(Dataset entries)
--*--

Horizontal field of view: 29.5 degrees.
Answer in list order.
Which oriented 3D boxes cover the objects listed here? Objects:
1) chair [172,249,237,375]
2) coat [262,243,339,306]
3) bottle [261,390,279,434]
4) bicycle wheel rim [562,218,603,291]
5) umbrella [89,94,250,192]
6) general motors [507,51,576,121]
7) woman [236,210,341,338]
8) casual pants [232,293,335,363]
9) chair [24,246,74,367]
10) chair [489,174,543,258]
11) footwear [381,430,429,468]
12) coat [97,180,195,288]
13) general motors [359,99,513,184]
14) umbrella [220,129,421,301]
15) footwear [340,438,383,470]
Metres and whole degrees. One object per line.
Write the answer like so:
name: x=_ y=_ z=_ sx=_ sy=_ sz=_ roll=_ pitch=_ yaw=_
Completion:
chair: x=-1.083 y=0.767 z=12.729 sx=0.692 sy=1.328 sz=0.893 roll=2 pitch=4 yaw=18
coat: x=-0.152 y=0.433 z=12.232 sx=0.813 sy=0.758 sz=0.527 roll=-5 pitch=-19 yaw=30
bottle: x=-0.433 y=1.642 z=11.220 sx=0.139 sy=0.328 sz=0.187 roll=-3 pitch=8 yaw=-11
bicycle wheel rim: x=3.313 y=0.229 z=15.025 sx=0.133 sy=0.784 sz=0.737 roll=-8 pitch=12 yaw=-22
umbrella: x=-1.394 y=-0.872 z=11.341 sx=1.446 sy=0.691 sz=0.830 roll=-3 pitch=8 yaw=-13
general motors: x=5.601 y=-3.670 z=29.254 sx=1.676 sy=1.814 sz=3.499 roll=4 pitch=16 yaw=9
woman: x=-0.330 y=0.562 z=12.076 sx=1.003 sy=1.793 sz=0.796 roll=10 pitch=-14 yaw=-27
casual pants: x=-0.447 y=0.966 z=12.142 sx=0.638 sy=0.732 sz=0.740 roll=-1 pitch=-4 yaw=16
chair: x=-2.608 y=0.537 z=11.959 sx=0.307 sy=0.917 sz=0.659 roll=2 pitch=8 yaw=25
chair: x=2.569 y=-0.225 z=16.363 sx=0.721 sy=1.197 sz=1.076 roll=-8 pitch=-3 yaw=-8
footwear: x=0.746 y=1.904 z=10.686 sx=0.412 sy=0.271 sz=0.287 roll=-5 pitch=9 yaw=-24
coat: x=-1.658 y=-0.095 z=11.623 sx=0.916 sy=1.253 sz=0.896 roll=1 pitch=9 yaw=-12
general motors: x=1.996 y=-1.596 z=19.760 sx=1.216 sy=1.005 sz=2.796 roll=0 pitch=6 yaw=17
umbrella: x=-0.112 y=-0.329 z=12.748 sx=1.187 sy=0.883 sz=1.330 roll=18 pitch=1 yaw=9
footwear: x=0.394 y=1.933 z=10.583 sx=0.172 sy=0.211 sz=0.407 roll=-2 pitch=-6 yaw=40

--*--

### PROBLEM TO WORK ON
Only those lines of the entries above that run from the line containing "13) general motors [359,99,513,184]" to the line containing "name: x=_ y=_", both included, should be transcribed exactly.

### RESULT
13) general motors [359,99,513,184]
14) umbrella [220,129,421,301]
15) footwear [340,438,383,470]
Metres and whole degrees. One object per line.
Write the answer like so:
name: x=_ y=_ z=_ sx=_ sy=_ sz=_ roll=_ pitch=_ yaw=_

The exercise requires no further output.